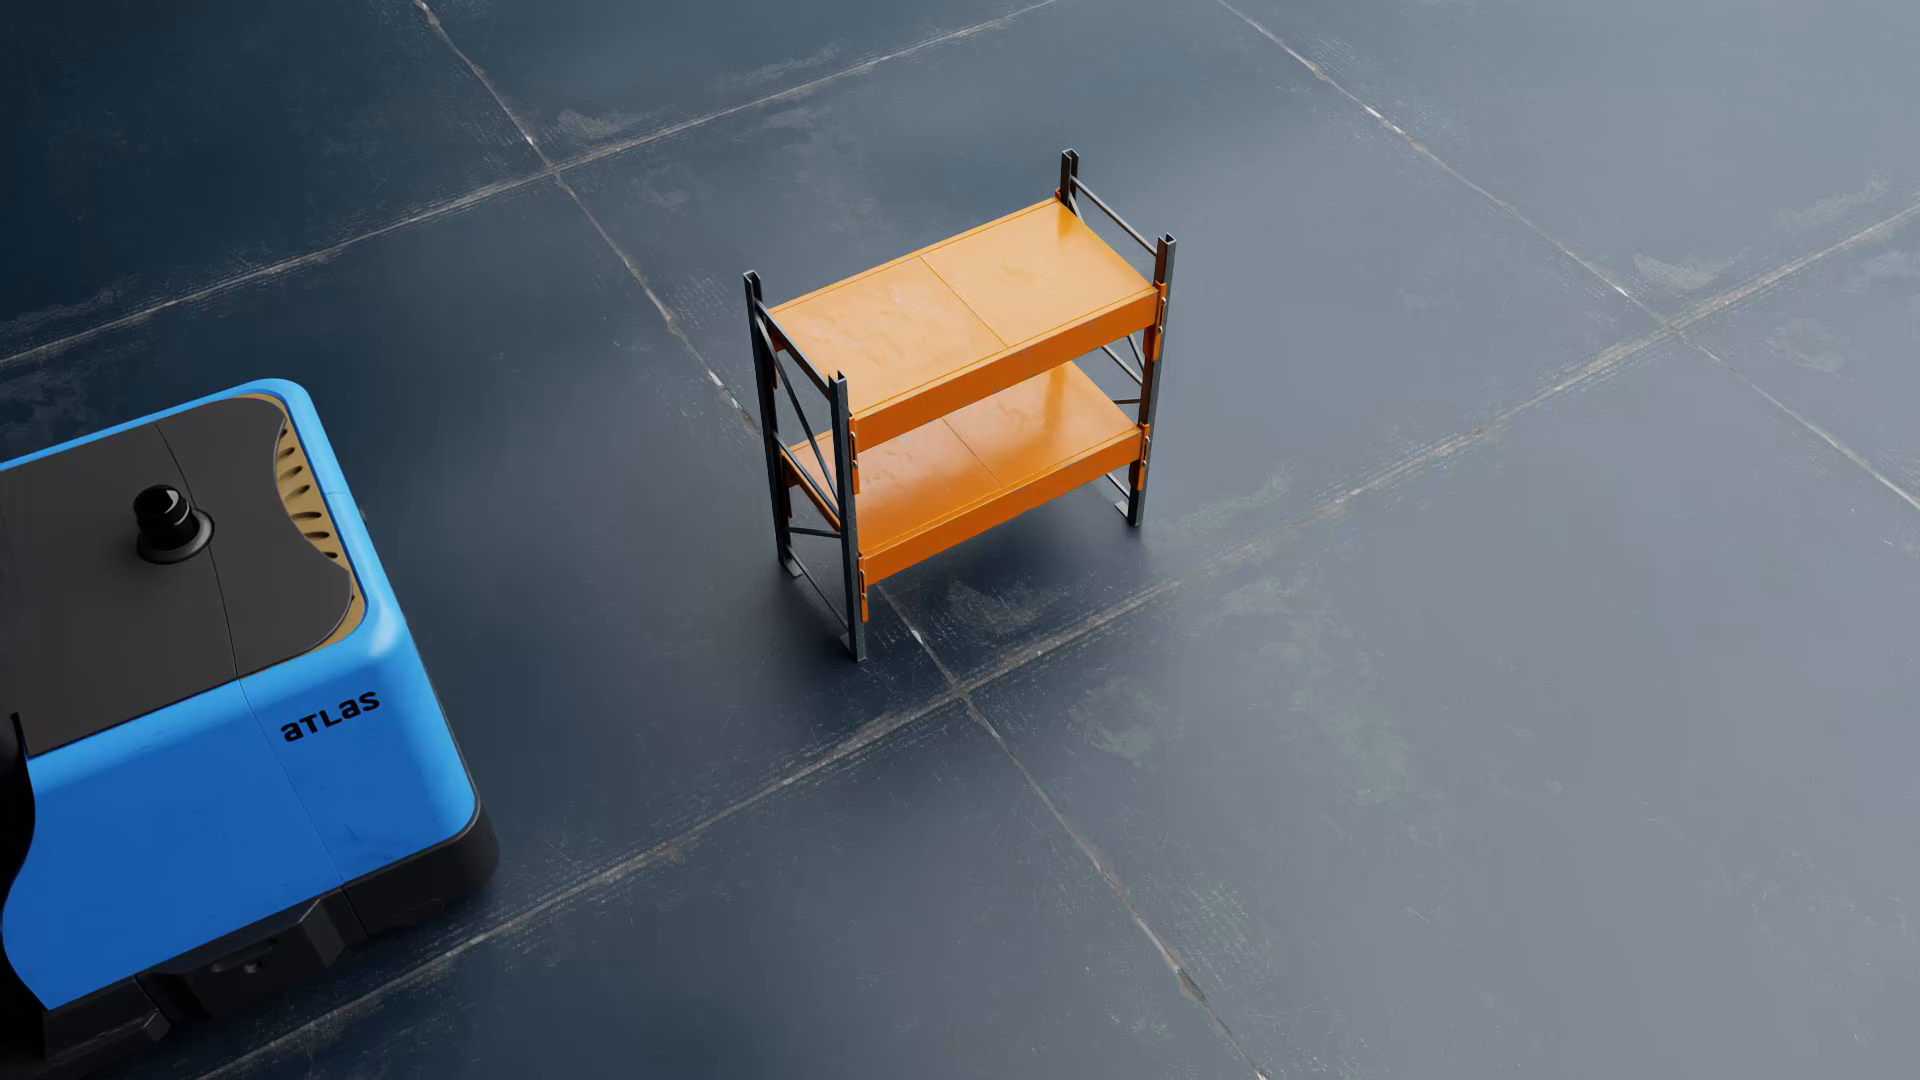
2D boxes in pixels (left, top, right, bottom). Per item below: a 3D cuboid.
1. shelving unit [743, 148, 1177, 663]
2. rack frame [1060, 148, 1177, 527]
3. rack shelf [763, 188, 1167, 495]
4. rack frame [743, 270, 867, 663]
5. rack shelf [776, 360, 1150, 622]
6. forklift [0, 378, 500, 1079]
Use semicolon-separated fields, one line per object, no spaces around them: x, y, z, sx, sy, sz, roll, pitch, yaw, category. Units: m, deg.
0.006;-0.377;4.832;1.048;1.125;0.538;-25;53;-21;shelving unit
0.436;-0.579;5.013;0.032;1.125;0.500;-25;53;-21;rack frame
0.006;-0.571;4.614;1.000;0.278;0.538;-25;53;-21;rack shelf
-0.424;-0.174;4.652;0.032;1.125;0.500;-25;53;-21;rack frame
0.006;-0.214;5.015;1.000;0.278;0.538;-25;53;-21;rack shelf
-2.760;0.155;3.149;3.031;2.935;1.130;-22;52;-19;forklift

---

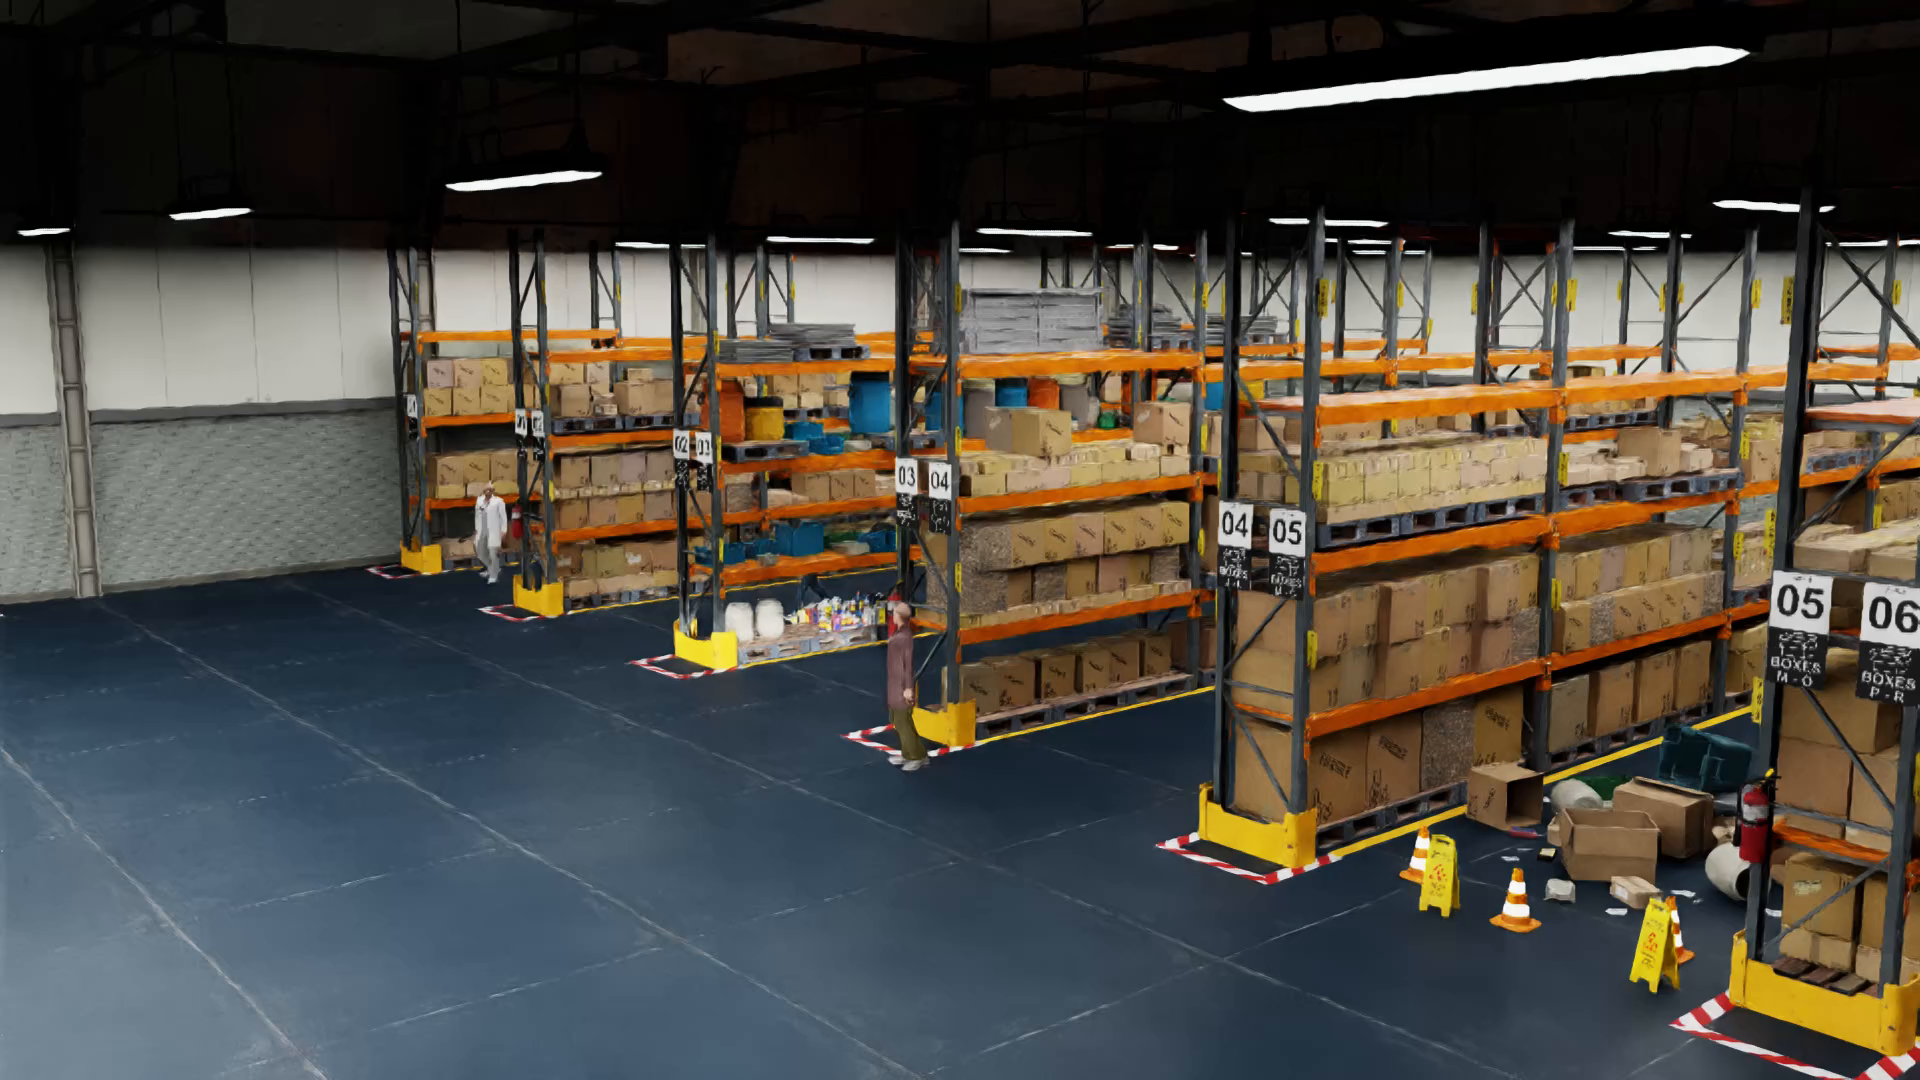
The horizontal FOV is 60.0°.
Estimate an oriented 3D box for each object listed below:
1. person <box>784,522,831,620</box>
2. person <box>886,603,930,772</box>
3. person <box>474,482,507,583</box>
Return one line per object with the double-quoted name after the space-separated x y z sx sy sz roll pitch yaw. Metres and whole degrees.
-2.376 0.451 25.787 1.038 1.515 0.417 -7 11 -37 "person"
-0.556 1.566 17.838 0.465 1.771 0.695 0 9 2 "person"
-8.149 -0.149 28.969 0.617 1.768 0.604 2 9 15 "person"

...

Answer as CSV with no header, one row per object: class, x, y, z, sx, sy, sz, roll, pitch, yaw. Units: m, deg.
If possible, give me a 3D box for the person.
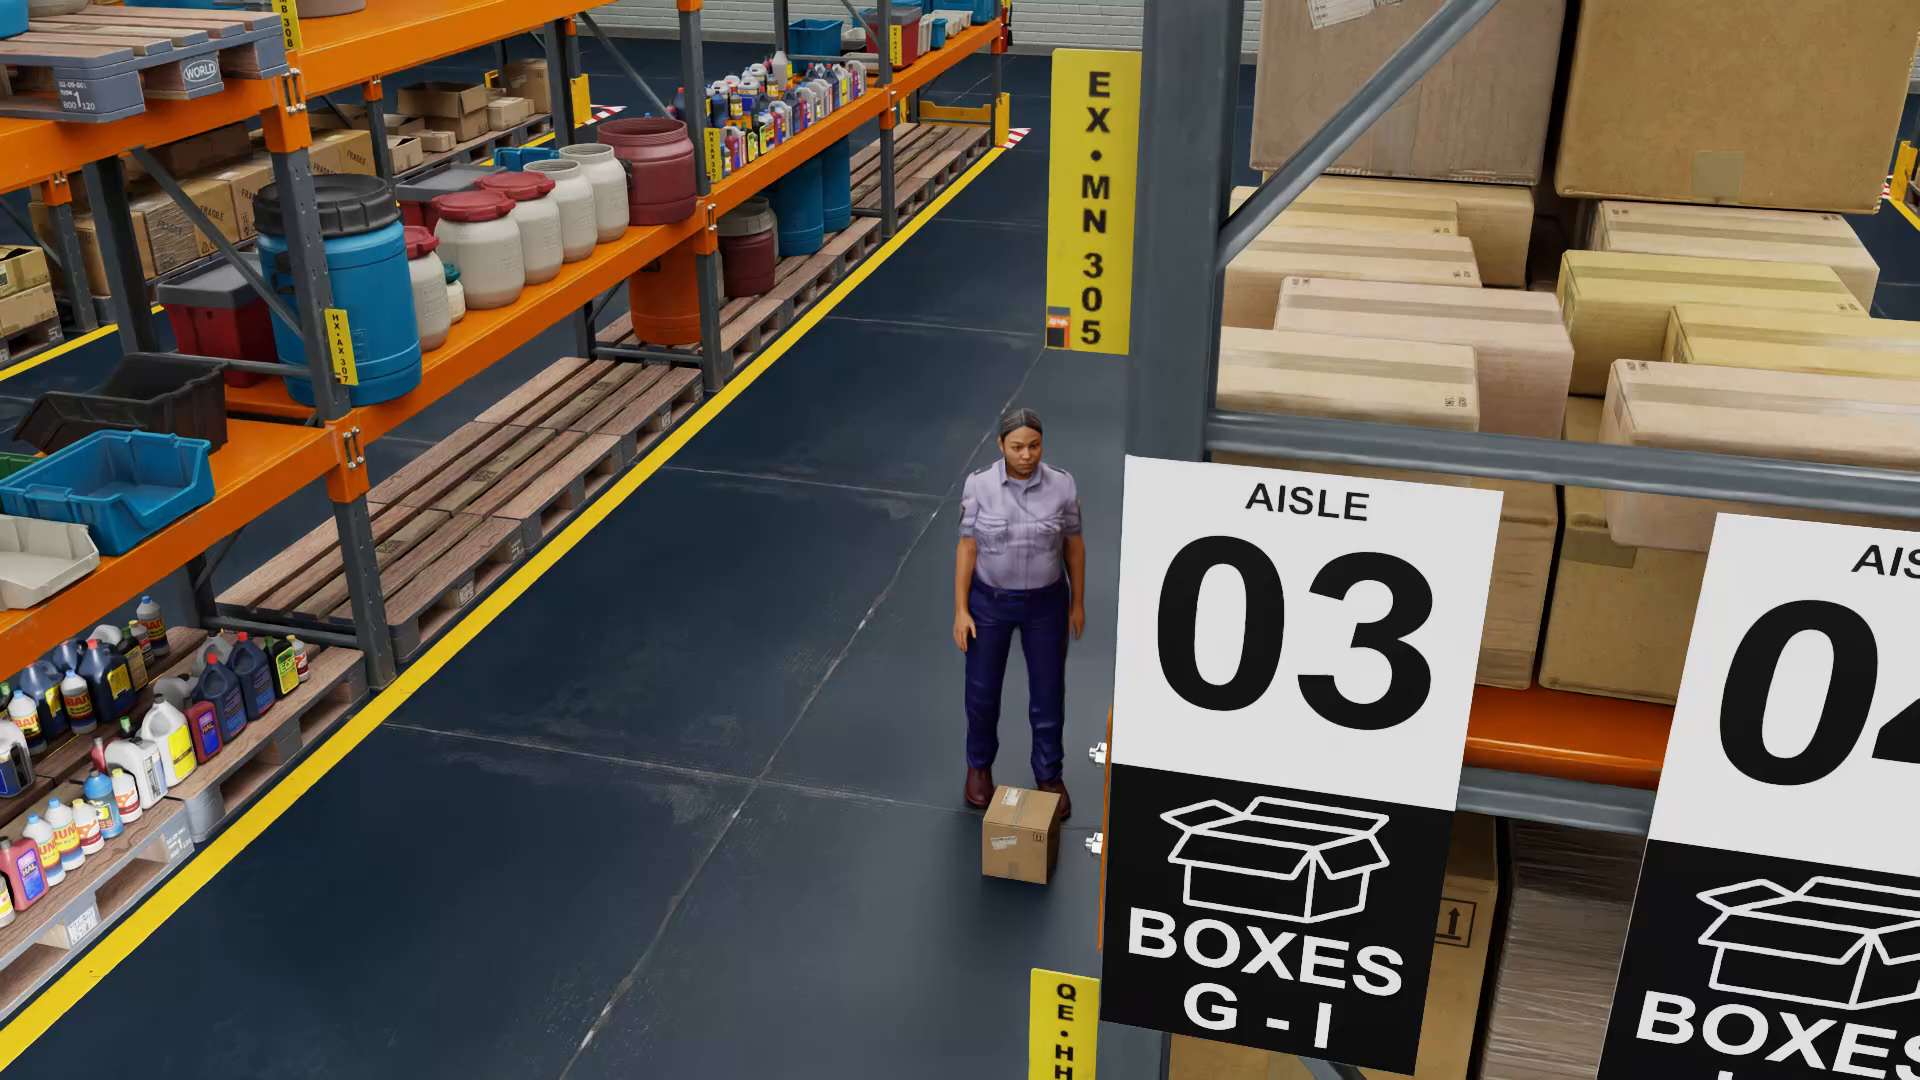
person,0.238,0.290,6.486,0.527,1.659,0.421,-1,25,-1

● The task: Across the records above, return every line that contains the word "below".

● Reply to the exercise:
2D boxes in pixels (left, top, right, bottom). Per item below: a 3D cuboid.
Estimate an oriented 3D box for each object listed below:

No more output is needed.